Carson and Delavan turned west, their boots ringing on the sidewalk. The wind whispered and talked in the weeds and grass that grew in the vacant space surrounding the creaking, groaning windmill tower.

“I want to talk with you,” said Delavan, head bent into the wind, hat socked firmly on his head. “About what happened today. I am afraid you may think –”

“It was a business deal,” Carson told him. “You said so, yourself.”

“No, it wasn’t,” protested Delavan. “It was the rankest sort of bribery and attempt at intimidation I have ever seen. I’ve played along with Fennimore because of business reasons. Fennimore, after all, was the only business in Trail City for a long time. I blinked at a lot of his methods, thinking they were no more than the growing pains of any normal city. But after what happened today, I had to draw the line. I told Quinn this afternoon –”

Red flame flickered in the weeds beside the tower, and a gun bellowed in the dusk. Delavan staggered, coughed, fell to his knees. His bowler hat fell off, rolled into the street. The wind caught it and it rolled on its rim, like a spinning wagon-wheel.

A man, bent low, was running through the weeds, half-seen in the thickening dark.

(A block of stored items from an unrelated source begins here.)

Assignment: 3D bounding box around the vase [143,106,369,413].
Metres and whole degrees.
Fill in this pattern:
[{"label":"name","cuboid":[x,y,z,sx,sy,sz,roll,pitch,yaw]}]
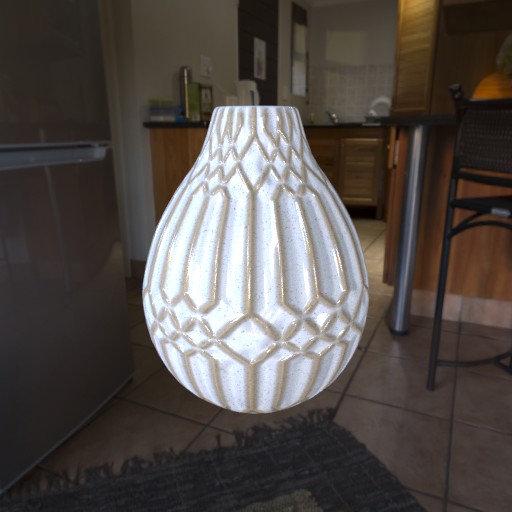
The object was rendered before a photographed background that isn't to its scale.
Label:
[{"label":"vase","cuboid":[0.000,0.000,0.314,0.159,0.200,0.159,0,17,0]}]
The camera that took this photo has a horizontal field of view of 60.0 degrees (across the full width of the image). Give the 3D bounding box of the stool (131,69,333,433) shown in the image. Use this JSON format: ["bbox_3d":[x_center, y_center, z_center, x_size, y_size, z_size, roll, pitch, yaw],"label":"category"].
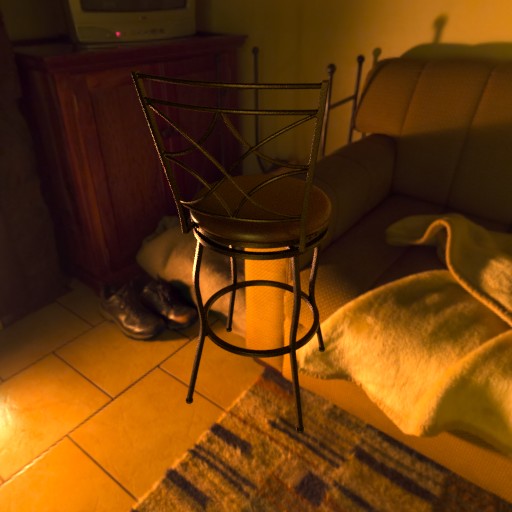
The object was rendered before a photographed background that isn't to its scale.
[{"bbox_3d":[0.000,0.000,1.375,0.434,1.117,0.534,9,32,15],"label":"stool"}]
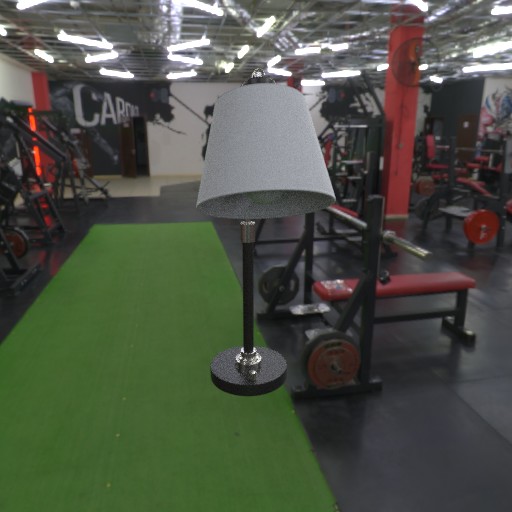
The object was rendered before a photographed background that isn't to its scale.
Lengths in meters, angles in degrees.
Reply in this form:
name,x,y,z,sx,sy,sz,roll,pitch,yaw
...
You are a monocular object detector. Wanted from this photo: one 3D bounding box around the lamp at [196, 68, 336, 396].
name,x,y,z,sx,sy,sz,roll,pitch,yaw
lamp,0.000,0.000,0.694,0.181,0.539,0.348,-2,16,-8
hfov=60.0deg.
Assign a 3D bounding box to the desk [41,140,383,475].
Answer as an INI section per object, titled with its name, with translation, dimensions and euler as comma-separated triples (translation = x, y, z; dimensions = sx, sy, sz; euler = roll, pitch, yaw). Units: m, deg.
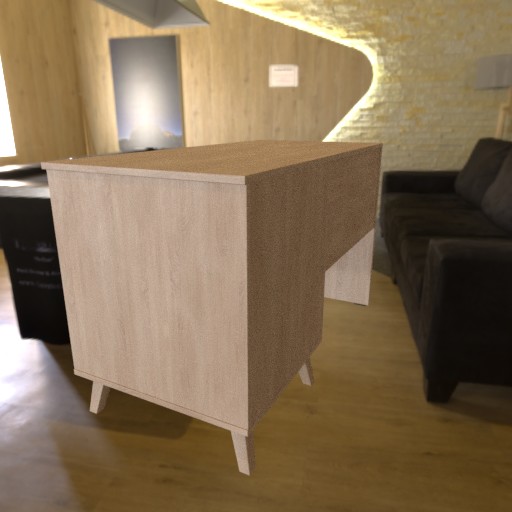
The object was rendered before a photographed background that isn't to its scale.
[desk]
translation = 0.000, 0.000, 1.653
dimensions = 0.600, 0.770, 1.251
euler = 9, 20, 26
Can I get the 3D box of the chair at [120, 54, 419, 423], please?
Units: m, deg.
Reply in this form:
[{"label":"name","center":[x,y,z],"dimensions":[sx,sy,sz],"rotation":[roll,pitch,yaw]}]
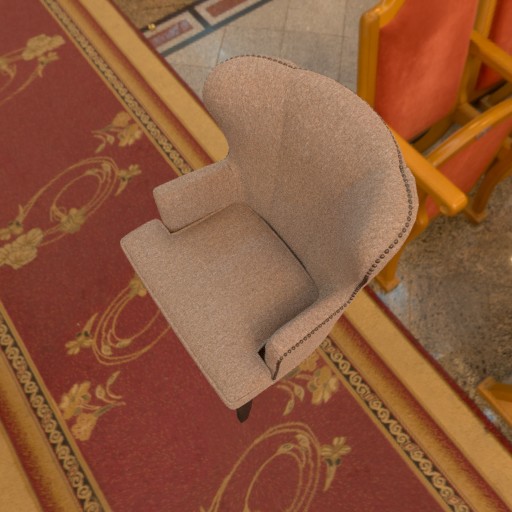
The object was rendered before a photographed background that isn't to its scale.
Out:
[{"label":"chair","center":[0.000,0.000,1.579],"dimensions":[0.758,1.060,0.759],"rotation":[-33,69,-15]}]
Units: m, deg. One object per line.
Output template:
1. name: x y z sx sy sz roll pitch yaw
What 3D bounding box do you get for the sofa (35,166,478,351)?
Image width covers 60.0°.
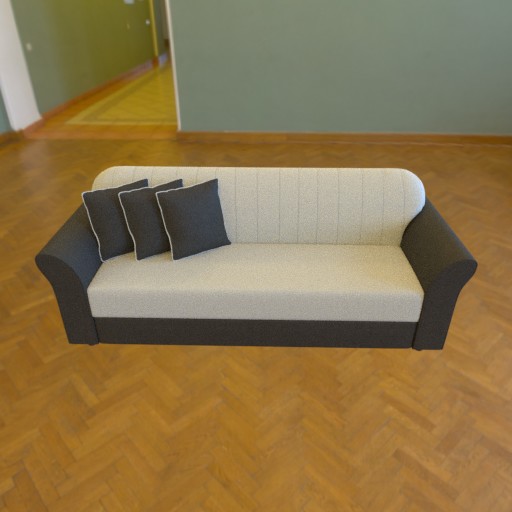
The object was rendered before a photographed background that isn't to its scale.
1. sofa: 0.000 0.000 2.414 2.001 0.787 0.755 1 31 1

Carson’s hand dipped for his gun, snatched it free, but the man was gone, hidden in the thicker shadows where no lamplight reached from the windows on the street.

Carson slid back the gun, knelt beside Delavan and turned him over. The man was a dead weight in his arms; his head hung limply. Carson tore open his coat, bent one ear to his chest, heard no thudding heart.

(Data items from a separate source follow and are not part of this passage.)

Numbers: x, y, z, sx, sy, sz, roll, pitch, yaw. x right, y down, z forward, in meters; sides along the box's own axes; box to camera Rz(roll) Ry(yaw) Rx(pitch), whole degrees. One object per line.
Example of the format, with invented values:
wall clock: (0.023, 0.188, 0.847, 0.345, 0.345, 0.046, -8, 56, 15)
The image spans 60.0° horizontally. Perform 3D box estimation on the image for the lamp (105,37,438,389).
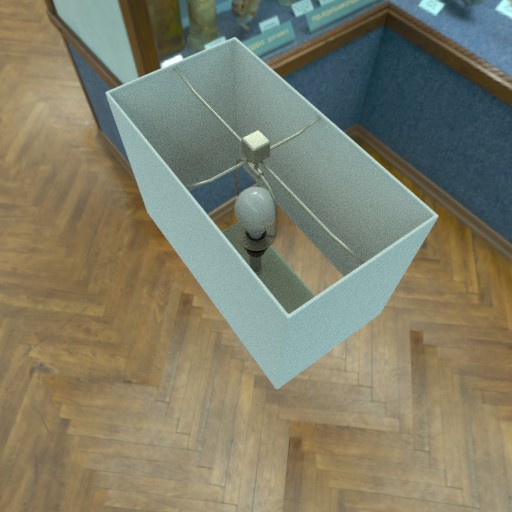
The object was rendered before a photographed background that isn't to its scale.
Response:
lamp: (0.000, 0.000, 0.722, 0.200, 0.515, 0.380, -32, 64, -17)
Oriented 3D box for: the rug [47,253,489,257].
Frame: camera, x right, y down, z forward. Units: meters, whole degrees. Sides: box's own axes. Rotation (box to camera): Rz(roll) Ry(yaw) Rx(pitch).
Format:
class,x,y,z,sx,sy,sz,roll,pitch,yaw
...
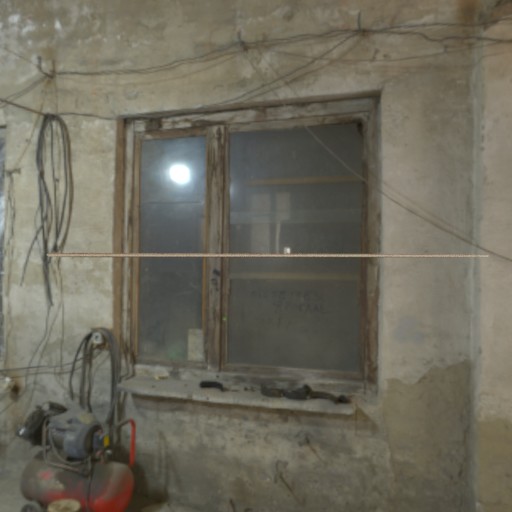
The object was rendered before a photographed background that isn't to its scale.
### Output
class,x,y,z,sx,sy,sz,roll,pitch,yaw
rug,0.000,0.000,2.318,1.839,0.012,1.219,0,0,-18

Slowly, he laid the banker back on the ground, pulled the coat about him, then straightened up. The bowler hat no longer was in sight, but a half-dozen men were running down the street. Among them, he recognized Bill Robinson, the new store owner, by the white apron tied around his middle.

“That you, Robinson?” asked Carson.

“Yeah, it’s me,” said Robinson. “We heard a shot.”

“Someone shot Delavan,” said Carson. “He’s dead.”

They came up and stood silently for a moment, looking at the black shape on the ground. One of them, Carson saw, was Caleb Storm, the barber. Another was Lee Weaver, the liveryman. The others he knew only from having seen them about town. Men from some of the ranches.